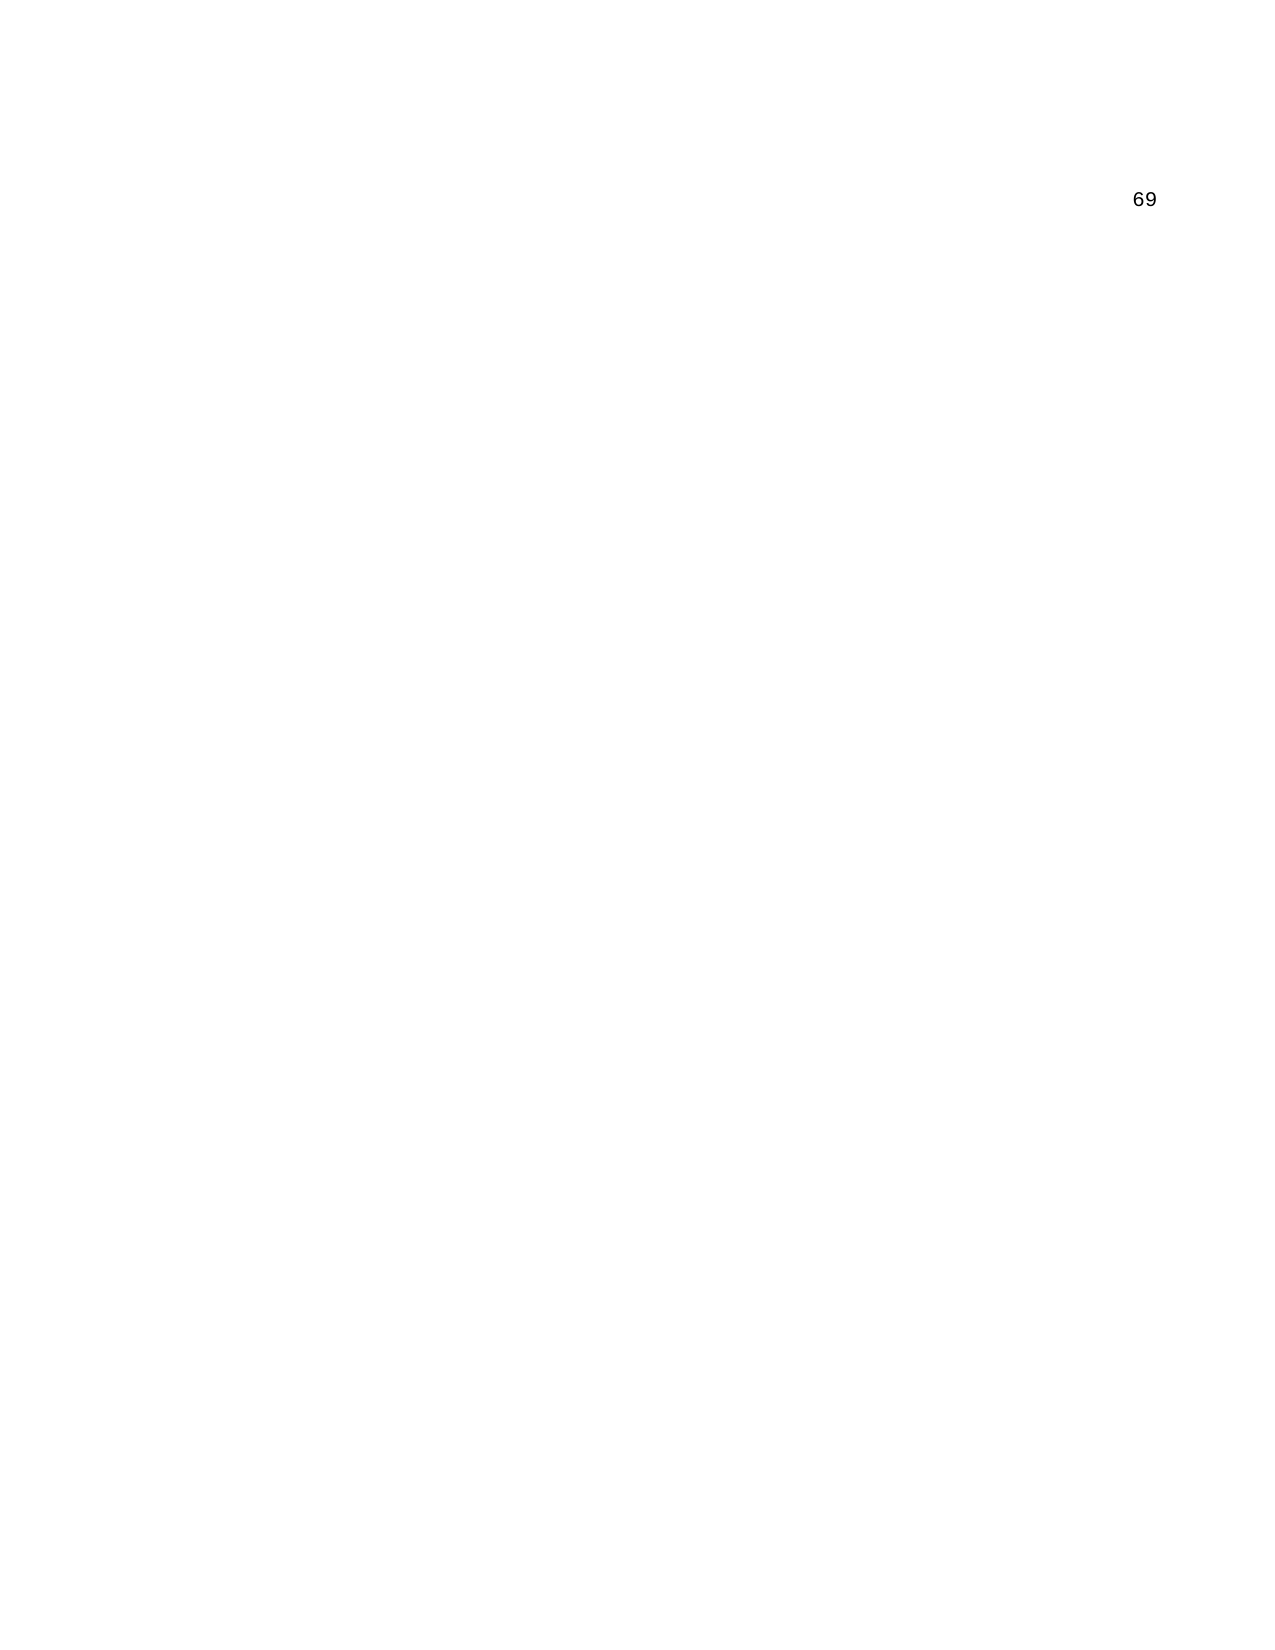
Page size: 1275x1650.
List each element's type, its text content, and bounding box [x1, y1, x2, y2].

text 69 [118, 189, 1157, 213]
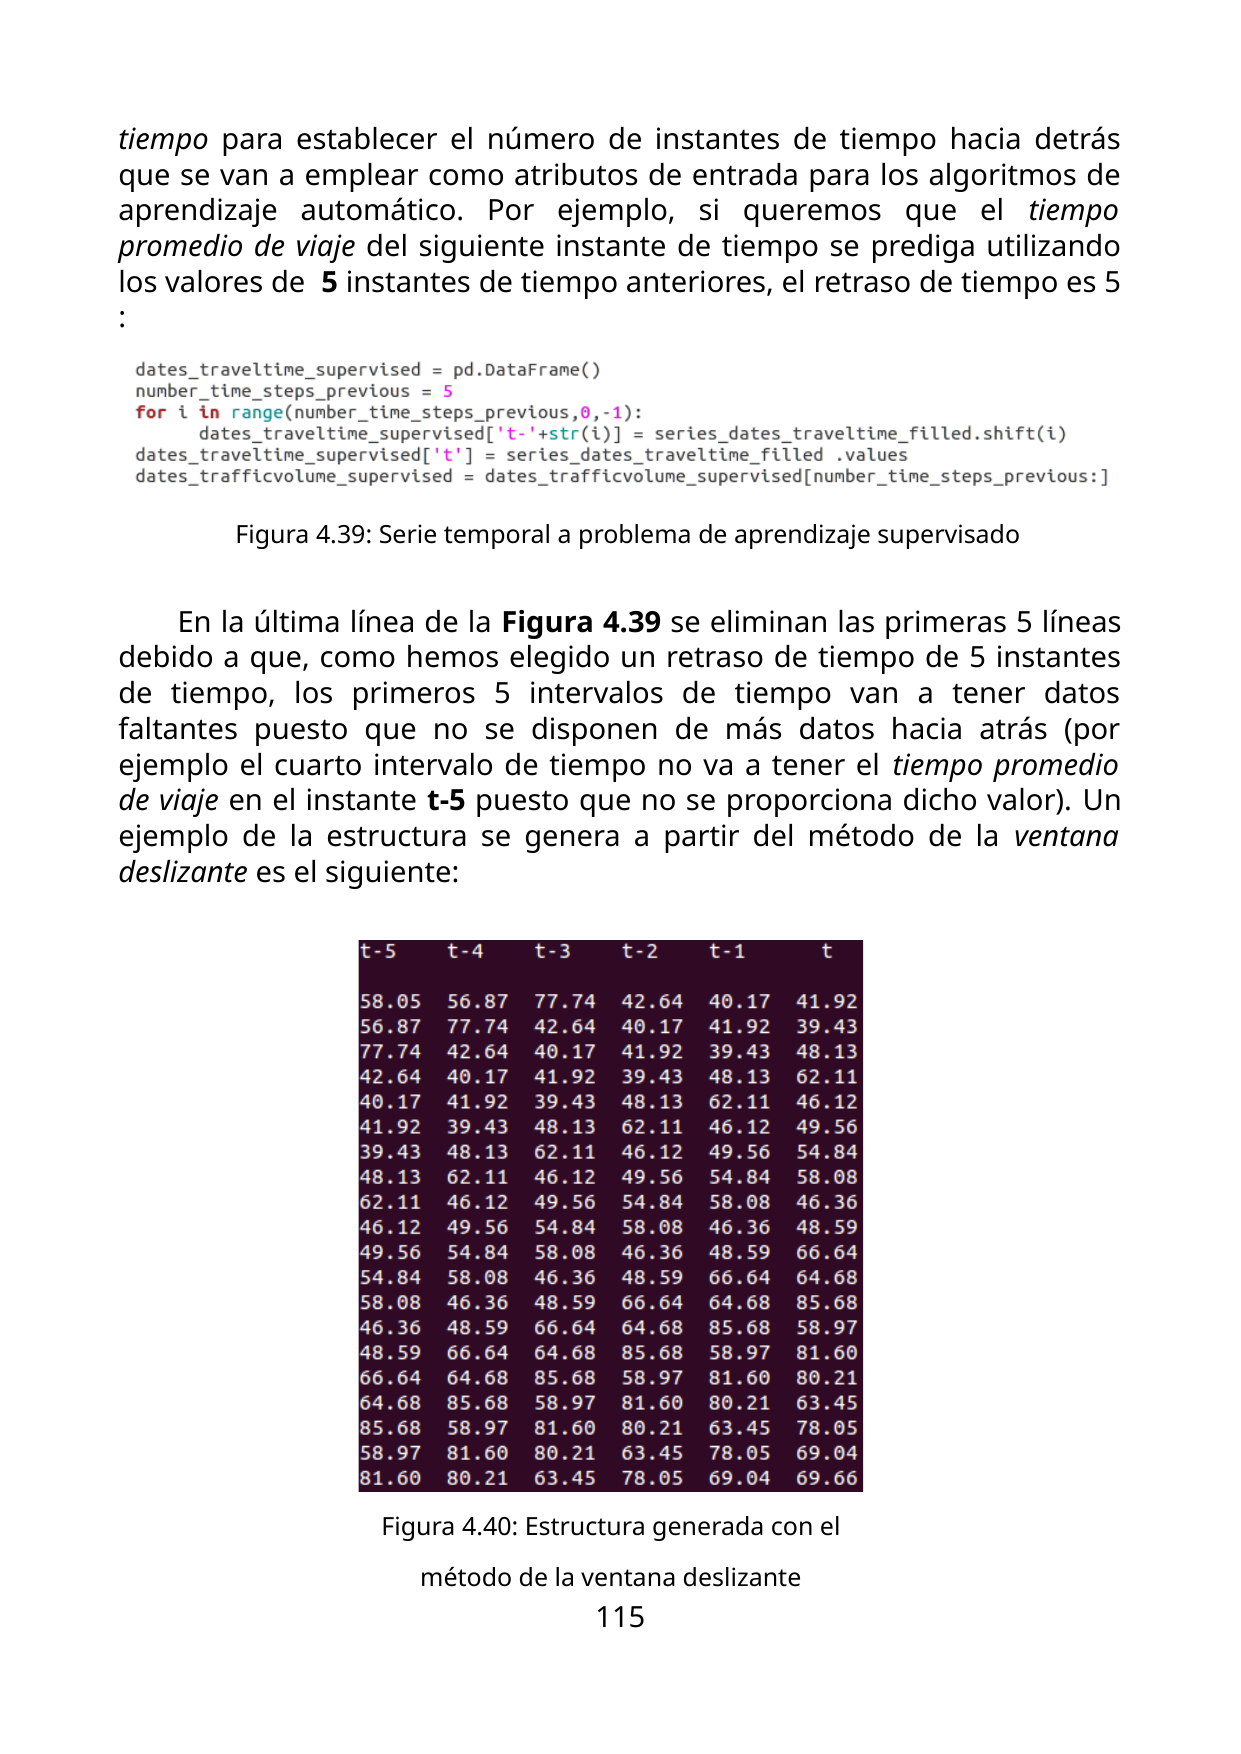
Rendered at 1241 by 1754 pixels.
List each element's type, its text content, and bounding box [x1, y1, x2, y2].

text En la última línea de la Figura 4.39 se eliminan las primeras 5 líneas debido a que, como hemos elegido un retraso de tiempo de 5 instantes de tiempo, los primeros 5 intervalos de tiempo van a tener datos faltantes puesto que no se disponen de más datos hacia atrás (por ejemplo el cuarto intervalo de tiempo no va a tener el tiempo promedio de viaje en el instante t-5 puesto que no se proporciona dicho valor). Un ejemplo de la estructura se genera a partir del método de la ventana deslizante es el siguiente: [118, 601, 1122, 891]
text tiempo para establecer el número de instantes de tiempo hacia detrás que se van a emplear como atributos de entrada para los algoritmos de aprendizaje automático. Por ejemplo, si queremos que el tiempo promedio de viaje del siguiente instante de tiempo se prediga utilizando los valores de 5 instantes de tiempo anteriores, el retraso de tiempo es 5 : [118, 118, 1122, 336]
text Figura 4.40: Estructura generada con el método de la ventana deslizante [358, 1492, 863, 1594]
text Figura 4.39: Serie temporal a problema de aprendizaje supervisado [126, 500, 1130, 551]
picture [358, 940, 864, 1492]
picture [126, 358, 1130, 500]
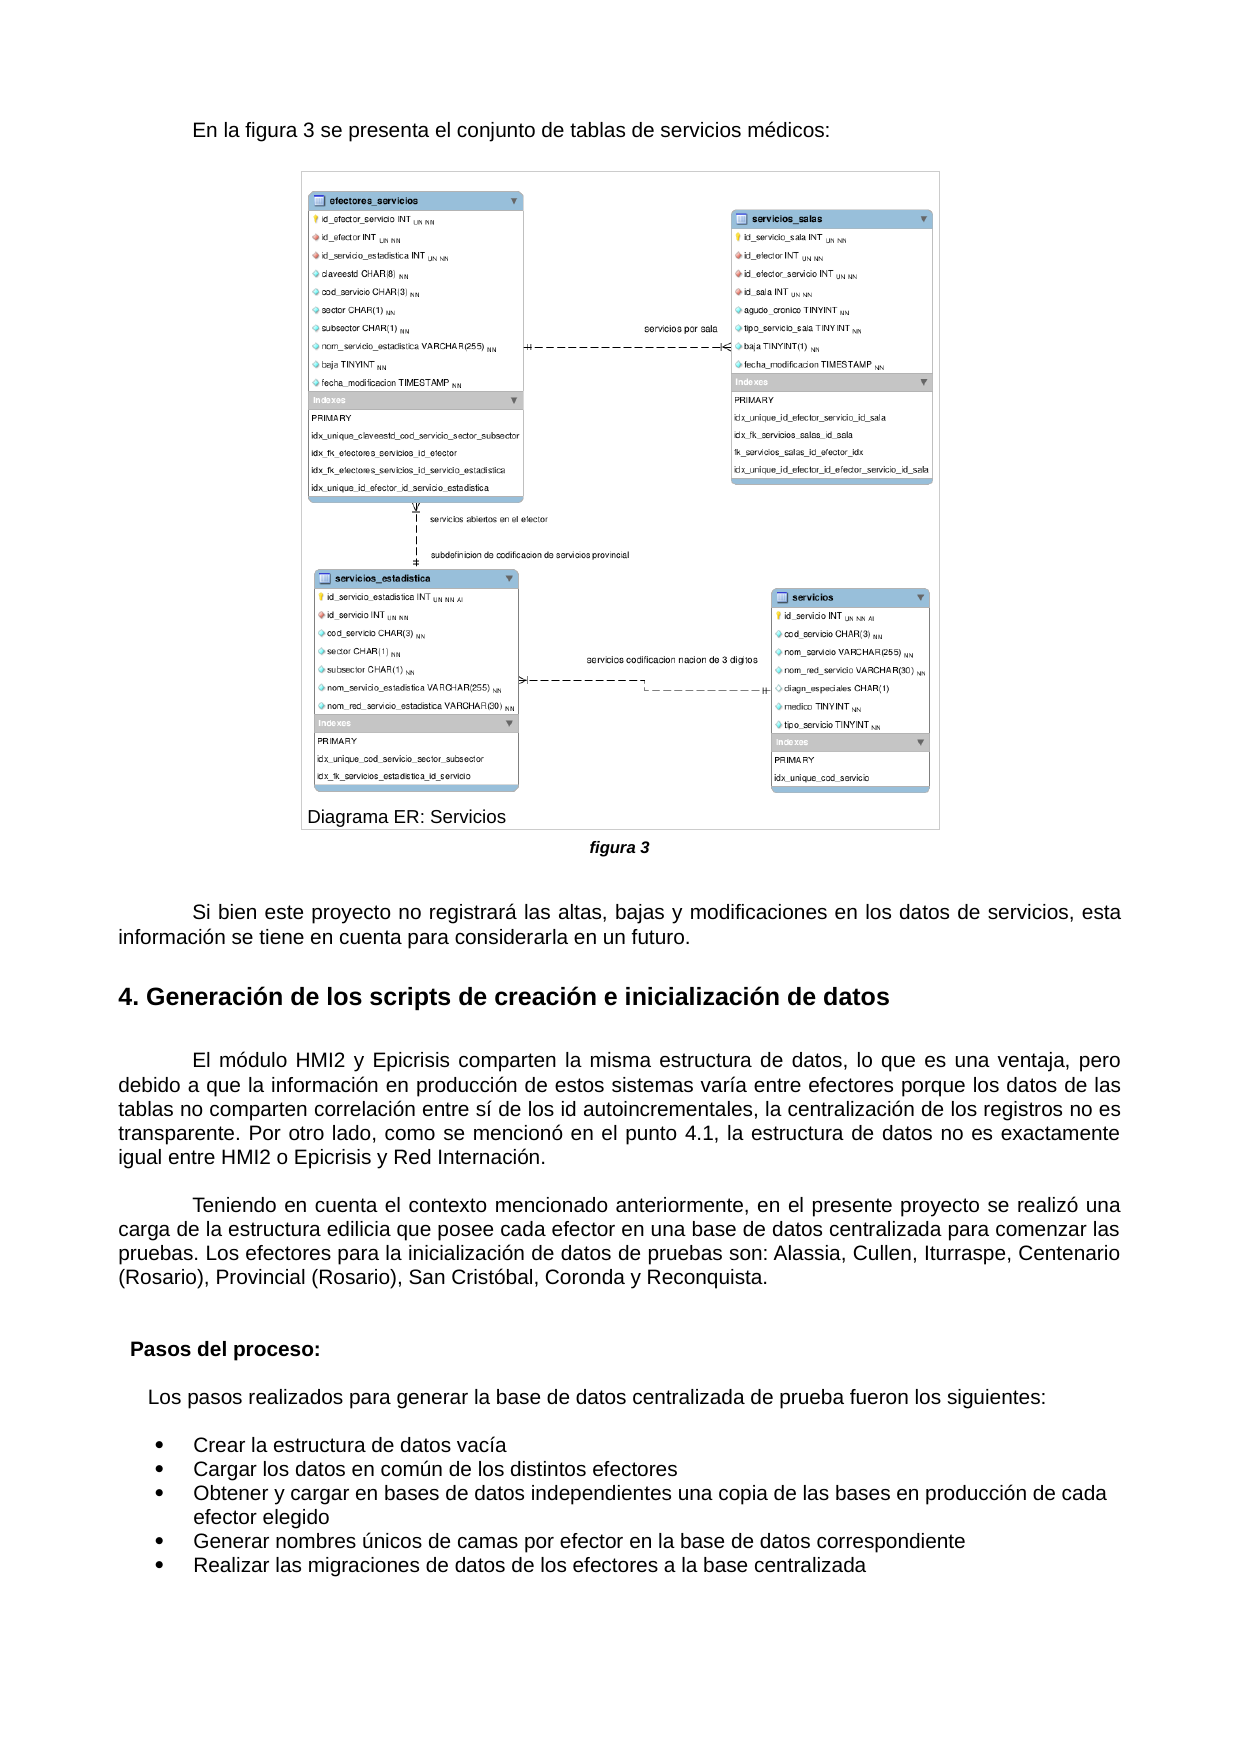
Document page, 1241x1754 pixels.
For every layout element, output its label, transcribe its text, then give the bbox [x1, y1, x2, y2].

==========

**THE TASK**
When a line of the material holds the string "pixels", copy that line.

**THE ANSWER**
Rendered at 1241 by 1754 pixels.
Document page, 1241x1754 pixels.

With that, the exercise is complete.